Data to use: Begin

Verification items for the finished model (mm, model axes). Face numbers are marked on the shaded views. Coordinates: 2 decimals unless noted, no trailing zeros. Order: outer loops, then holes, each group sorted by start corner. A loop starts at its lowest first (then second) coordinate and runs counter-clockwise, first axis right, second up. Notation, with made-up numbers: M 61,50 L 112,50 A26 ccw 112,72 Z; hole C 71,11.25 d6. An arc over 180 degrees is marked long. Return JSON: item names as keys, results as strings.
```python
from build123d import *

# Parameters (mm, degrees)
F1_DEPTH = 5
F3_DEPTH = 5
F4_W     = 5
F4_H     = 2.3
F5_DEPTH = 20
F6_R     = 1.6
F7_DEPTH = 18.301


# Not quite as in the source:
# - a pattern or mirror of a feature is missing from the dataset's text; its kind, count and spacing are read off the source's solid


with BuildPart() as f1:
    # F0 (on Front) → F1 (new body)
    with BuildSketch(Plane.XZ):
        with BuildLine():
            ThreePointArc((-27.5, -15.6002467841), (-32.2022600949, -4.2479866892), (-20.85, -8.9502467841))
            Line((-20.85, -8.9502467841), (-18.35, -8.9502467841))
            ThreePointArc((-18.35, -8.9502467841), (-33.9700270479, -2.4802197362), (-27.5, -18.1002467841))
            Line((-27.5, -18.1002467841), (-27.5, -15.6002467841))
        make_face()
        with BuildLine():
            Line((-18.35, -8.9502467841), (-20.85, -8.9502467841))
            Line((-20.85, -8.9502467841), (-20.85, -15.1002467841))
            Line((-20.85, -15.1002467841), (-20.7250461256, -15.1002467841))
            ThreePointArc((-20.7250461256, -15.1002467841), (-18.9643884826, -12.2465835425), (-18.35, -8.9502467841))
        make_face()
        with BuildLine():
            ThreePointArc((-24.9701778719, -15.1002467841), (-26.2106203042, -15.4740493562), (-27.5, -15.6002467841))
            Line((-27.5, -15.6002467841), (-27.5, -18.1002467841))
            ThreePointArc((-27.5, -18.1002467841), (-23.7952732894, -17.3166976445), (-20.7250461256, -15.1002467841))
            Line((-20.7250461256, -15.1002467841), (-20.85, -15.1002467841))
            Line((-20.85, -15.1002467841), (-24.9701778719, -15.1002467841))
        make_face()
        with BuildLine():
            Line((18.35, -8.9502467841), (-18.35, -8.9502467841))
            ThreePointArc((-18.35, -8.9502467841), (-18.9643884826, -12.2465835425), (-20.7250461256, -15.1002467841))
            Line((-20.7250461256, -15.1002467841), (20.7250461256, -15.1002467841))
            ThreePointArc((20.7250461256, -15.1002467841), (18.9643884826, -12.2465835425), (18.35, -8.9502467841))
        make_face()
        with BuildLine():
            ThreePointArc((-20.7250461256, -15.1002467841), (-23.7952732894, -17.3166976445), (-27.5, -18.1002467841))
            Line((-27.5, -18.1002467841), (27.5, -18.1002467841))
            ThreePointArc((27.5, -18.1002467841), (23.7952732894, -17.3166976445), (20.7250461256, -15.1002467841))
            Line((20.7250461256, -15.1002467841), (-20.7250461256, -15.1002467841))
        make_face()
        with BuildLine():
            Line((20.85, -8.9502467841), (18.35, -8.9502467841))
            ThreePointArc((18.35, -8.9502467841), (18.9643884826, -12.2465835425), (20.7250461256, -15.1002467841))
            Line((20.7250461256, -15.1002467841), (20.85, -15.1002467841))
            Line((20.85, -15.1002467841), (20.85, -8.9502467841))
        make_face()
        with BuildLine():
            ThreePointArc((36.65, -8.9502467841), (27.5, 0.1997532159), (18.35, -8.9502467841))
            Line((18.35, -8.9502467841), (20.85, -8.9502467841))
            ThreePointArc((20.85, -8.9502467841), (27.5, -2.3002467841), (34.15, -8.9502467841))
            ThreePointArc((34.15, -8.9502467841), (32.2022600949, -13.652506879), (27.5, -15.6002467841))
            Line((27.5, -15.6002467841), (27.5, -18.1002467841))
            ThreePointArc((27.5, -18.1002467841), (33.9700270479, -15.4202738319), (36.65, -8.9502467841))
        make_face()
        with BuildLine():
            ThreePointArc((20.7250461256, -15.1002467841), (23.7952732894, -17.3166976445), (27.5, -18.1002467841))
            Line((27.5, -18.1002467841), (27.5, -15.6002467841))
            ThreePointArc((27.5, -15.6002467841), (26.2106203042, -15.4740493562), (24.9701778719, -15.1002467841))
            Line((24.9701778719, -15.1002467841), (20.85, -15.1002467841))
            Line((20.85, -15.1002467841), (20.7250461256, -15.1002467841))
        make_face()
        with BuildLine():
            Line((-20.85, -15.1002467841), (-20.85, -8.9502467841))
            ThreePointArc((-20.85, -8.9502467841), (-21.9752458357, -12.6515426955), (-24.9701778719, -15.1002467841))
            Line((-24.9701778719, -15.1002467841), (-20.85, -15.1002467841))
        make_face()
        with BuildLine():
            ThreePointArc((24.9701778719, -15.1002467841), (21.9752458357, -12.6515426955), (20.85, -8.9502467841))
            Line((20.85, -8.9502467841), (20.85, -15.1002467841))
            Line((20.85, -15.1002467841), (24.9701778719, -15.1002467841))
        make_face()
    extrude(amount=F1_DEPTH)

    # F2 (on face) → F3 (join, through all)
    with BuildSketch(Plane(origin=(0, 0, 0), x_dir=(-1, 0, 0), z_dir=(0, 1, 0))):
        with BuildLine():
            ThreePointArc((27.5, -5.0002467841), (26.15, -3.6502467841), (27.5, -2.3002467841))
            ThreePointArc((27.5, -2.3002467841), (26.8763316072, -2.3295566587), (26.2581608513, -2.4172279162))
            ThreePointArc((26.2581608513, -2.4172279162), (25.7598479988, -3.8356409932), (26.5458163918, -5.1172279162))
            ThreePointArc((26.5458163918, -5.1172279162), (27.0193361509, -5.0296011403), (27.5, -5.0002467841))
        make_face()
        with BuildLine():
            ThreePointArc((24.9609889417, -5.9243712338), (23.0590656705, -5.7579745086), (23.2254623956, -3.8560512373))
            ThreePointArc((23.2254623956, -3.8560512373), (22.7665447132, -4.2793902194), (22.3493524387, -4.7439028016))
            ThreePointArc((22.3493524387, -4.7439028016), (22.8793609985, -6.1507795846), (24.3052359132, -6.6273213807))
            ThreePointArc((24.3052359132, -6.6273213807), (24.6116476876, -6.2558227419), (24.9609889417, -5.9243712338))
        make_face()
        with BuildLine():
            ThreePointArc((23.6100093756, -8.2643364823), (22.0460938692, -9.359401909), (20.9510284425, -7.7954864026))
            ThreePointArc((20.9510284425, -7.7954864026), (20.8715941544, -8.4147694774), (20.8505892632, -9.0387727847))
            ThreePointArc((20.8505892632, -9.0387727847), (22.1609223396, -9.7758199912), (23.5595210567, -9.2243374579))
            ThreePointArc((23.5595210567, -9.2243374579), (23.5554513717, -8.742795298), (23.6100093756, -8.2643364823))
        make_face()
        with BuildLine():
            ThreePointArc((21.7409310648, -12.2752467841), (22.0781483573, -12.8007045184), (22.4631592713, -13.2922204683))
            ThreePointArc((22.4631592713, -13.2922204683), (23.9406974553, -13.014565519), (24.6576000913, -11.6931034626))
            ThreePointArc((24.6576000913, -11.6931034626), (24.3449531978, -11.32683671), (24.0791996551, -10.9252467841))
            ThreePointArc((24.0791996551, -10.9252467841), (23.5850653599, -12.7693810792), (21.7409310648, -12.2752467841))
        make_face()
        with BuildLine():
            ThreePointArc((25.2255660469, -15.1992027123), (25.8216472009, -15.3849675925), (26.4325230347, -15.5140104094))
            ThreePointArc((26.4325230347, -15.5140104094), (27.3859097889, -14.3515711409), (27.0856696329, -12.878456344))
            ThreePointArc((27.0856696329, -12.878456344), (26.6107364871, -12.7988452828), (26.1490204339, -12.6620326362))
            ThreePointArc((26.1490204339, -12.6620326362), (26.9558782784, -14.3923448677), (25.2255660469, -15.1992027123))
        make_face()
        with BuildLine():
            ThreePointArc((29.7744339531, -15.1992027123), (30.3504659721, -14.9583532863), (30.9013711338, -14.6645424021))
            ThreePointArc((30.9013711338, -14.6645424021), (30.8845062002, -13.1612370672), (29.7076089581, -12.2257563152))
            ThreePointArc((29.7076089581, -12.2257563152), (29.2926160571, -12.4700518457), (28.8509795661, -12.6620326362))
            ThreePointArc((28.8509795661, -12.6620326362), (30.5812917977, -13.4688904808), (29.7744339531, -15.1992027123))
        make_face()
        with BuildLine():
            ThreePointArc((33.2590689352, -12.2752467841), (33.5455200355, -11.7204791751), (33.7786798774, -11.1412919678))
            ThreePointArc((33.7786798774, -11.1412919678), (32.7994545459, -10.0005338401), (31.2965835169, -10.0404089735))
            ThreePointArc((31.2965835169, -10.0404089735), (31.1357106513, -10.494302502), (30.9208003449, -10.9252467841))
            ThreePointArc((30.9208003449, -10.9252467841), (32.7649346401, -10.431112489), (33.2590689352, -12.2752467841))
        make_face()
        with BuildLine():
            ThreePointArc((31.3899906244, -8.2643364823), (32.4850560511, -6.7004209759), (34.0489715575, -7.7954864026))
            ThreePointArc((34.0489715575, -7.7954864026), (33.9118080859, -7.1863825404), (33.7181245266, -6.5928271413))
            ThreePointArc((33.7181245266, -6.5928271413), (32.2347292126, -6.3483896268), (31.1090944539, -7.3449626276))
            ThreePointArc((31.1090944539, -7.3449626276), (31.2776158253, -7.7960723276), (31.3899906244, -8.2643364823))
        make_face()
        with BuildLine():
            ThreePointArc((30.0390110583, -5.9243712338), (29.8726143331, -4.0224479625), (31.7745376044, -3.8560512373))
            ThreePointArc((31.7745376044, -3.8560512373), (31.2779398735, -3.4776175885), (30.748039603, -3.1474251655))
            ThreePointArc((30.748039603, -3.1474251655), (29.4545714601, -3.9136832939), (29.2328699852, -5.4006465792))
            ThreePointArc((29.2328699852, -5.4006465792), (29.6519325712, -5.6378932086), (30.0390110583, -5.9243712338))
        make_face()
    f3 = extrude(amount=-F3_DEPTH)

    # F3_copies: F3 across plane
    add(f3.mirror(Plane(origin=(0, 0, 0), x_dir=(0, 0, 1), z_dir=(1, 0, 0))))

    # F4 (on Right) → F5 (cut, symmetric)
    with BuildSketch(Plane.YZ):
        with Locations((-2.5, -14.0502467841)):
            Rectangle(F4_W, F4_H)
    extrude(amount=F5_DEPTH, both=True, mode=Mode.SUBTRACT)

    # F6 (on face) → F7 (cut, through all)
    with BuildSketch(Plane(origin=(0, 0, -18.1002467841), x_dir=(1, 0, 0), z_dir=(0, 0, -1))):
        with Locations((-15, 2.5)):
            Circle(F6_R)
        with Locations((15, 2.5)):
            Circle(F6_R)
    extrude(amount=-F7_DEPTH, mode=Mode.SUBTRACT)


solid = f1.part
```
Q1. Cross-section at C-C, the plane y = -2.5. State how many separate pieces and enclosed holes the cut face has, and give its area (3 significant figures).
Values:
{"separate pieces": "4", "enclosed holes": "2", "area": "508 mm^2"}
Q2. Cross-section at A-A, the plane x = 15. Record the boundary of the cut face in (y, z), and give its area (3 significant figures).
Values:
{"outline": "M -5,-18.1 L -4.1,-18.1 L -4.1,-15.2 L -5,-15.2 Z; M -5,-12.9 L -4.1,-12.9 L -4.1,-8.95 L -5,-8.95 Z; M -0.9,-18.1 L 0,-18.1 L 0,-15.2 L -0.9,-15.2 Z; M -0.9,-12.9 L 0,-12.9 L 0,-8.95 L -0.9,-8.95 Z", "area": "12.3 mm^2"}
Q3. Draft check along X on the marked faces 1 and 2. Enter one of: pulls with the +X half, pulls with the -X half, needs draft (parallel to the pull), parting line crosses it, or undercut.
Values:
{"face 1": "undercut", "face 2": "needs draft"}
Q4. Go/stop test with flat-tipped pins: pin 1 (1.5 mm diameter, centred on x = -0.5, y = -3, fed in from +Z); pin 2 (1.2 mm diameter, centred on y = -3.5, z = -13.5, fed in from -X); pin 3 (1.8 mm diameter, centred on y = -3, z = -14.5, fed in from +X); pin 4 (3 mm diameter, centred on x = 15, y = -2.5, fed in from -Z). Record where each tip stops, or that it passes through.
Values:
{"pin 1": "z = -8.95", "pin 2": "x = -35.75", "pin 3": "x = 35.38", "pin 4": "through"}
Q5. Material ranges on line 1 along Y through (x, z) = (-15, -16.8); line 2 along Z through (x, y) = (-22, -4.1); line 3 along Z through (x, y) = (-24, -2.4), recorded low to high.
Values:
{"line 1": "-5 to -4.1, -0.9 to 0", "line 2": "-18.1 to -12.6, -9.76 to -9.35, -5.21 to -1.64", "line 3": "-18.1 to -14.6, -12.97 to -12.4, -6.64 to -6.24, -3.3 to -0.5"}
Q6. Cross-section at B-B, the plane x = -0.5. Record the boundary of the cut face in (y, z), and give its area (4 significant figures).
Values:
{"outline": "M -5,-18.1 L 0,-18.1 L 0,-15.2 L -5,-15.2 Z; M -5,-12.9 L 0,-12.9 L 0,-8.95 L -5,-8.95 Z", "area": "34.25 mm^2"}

Data to use: End

Required work: Collect the lines of the records that include the string "source".

Result of this task:
# Not quite as in the source:
# - a pattern or mirror of a feature is missing from the dataset's text; its kind, count and spacing are read off the source's solid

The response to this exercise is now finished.